Segments of Return on Equity (ROE)

# Segments of Return on Equity (ROE)

ROE can be broken down to show where each rupee of equity return comes from — the firm's own equity-funded assets, plus the residual return earned on preference and debt funds.

## The three-segment decomposition

> ROE = (E/E) × ROI(1 − t) + (P/E) × [ROI(1 − t) − Pref Div Rate] + (D/E) × [(ROI − Kd) × (1 − t)]

Reading the three segments:

1. Equity-on-equity: (Equity / Equity) × post-tax ROI = the direct post-tax return on assets funded by equity itself.

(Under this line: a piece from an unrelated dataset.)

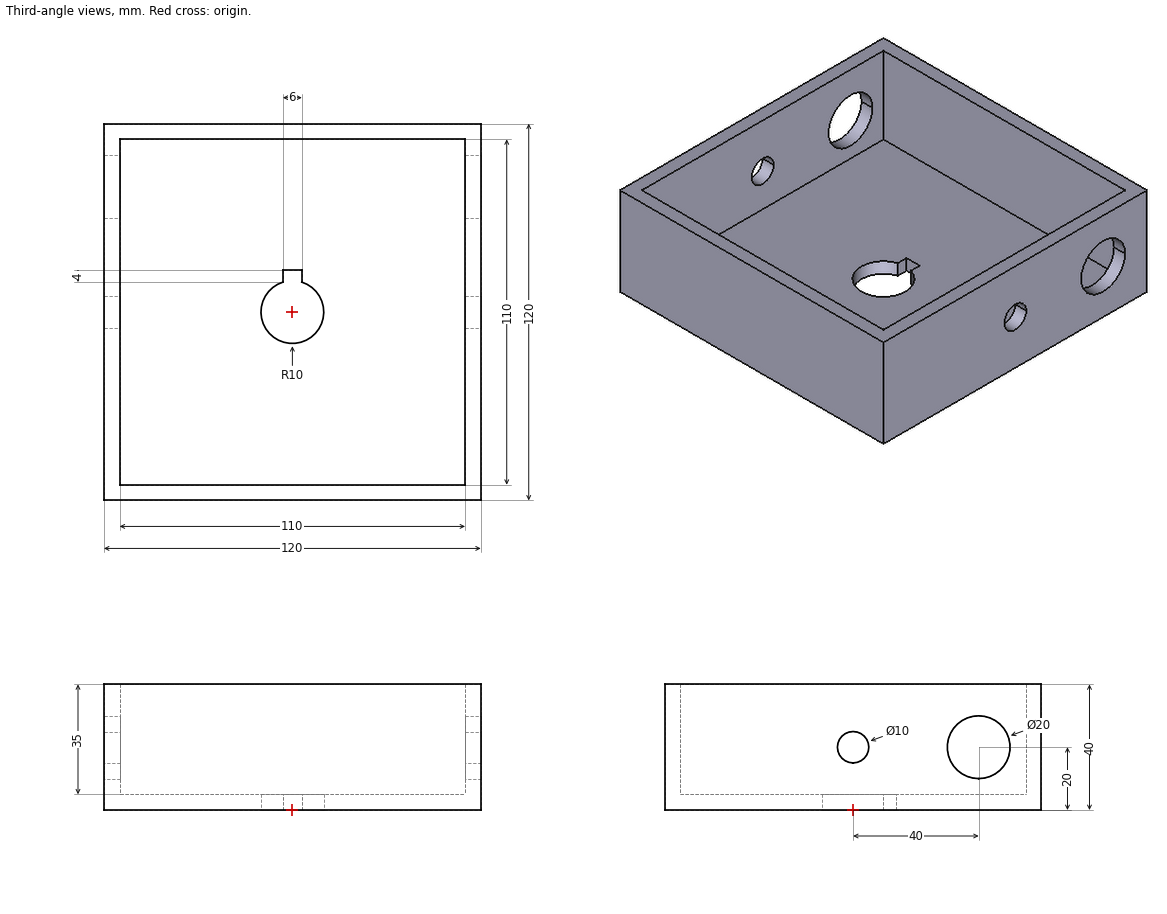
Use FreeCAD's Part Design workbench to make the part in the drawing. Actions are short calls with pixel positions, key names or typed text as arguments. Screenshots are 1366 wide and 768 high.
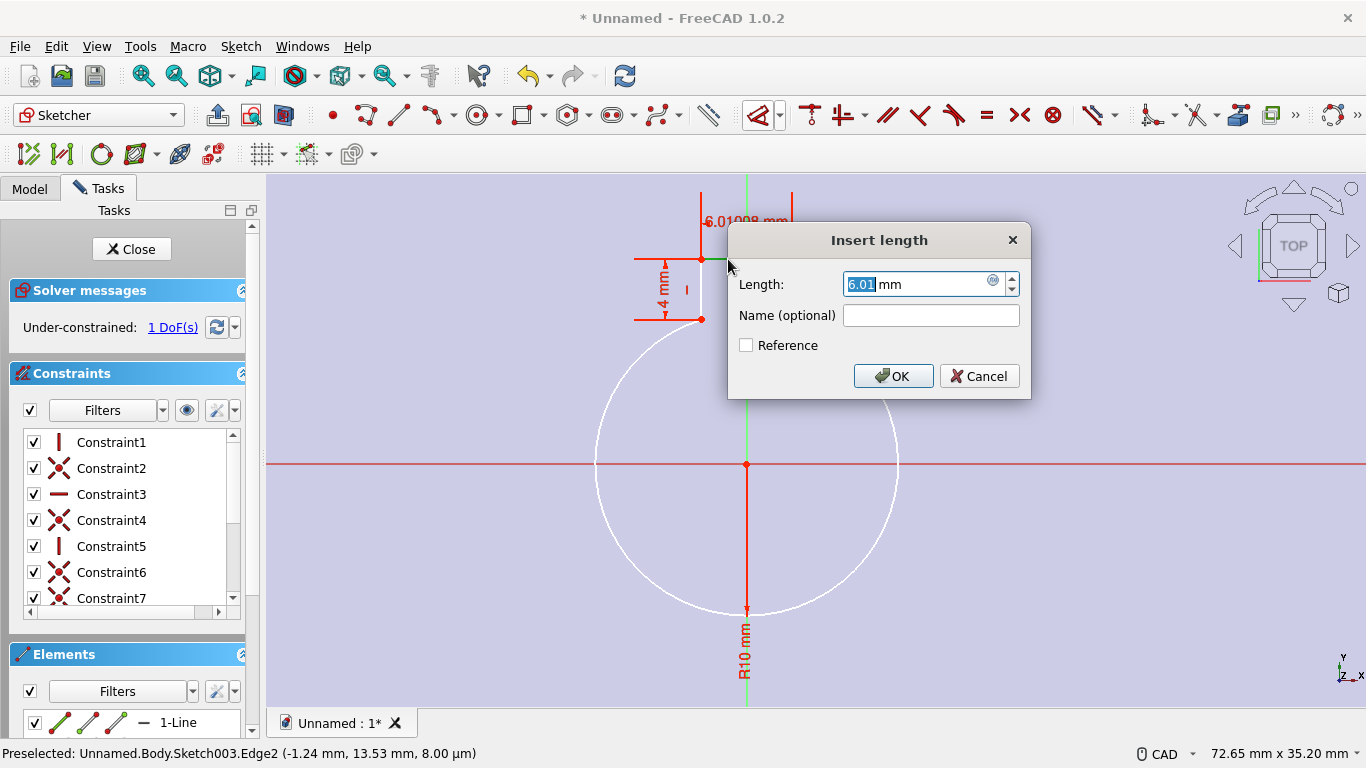
text(6)
key(Return)

2. Preference contribution: (Preference / Equity) × [ROI(1−t) − Pref Div]. Positive if post-tax ROI exceeds the preference dividend rate.

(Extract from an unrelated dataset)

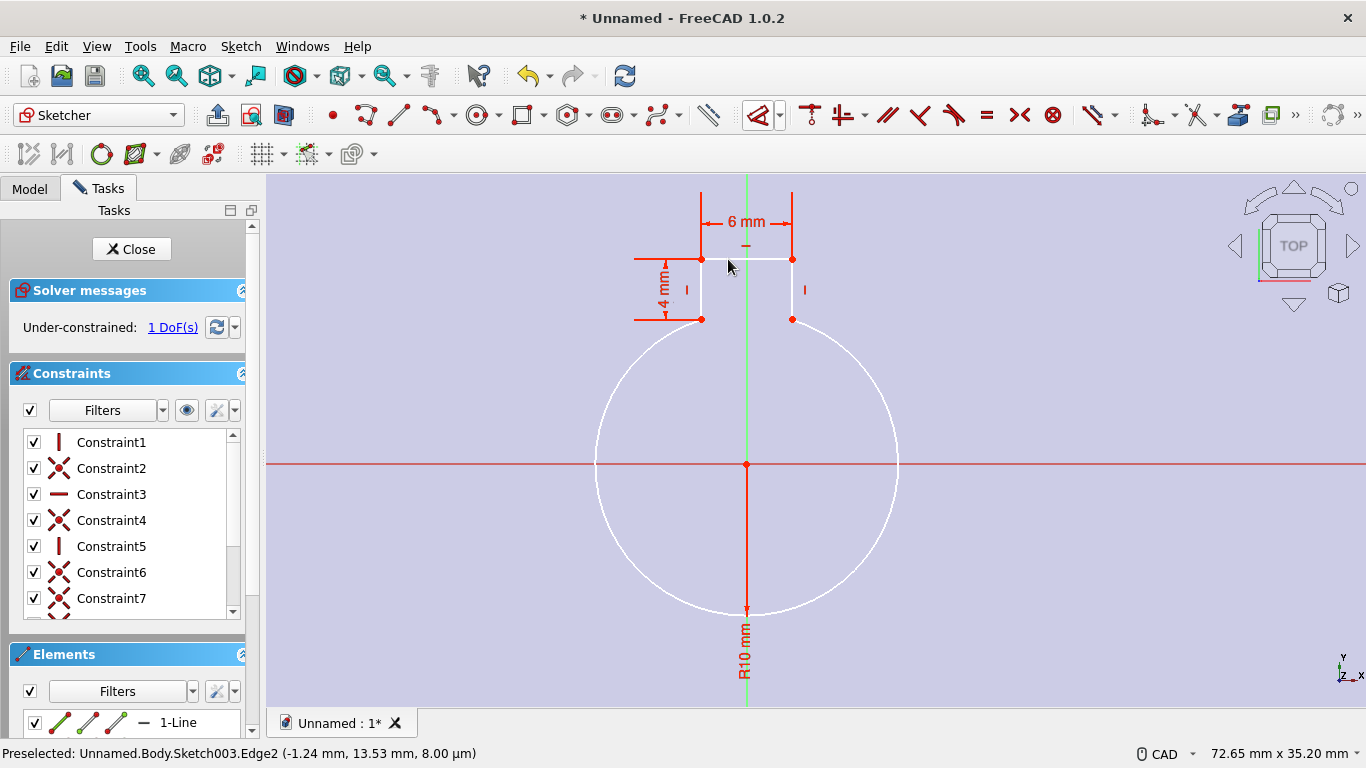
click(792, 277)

3. Debt contribution: (Debt / Equity) × [(ROI − Kd) × (1 − t)]. Positive if ROI exceeds the pre-tax cost of debt (the classic trading on equity gain).

## When the decomposition is useful

  • Explaining why ROE is high or low.
  • Showing the impact of a proposed capital structure change before any actual numbers move.
  • Linking back to favourable vs. unfavourable financial leverage: if (ROI − Kd) < 0, the debt segment becomes a deduction from ROE, not an addition.

## Three companion ratios — keep them distinct

RatioNumeratorDenominatorWhat it tells you
ROI / ROCEEBITCapital Employed (Equity + LT Debt)Operating efficiency of the entire capital base
Return on Shareholders' FundsPATEquity + Preference + ReservesReturn to all providers of ownership capital
ROEEAES (PAT − Pref Div)Equity capital + reserves attributable to equityReturn to equity shareholders specifically

Mixing these up is the most common error in this section.

Worked example

### Example 1

Suppose Equity ₹100, Preference ₹50 @ 9%, Debt ₹50 @ 10%, ROI = 20%, tax 30%.

  • Equity segment: (100/100) × 20% × 0.7 = 14.0%
  • Preference segment: (50/100) × (20% × 0.7 − 9%) = 0.5 × 5% = 2.5%
  • Debt segment: (50/100) × (20% − 10%) × 0.7 = 0.5 × 7% = 3.5%
  • ROE = 14.0 + 2.5 + 3.5 = 20.0%

Note how each segment is positive because ROI(1−t) exceeds the preference rate and ROI exceeds the debt rate.

⚠️ Common exam mistakes

  • Applying (1 − t) to the preference dividend rate — it is already post-tax.
  • Using Net Worth in the denominator of one segment and Equity in another — pick equity (excluding preference) consistently.
  • Forgetting that the debt segment turns into a drag on ROE when ROI < Kd.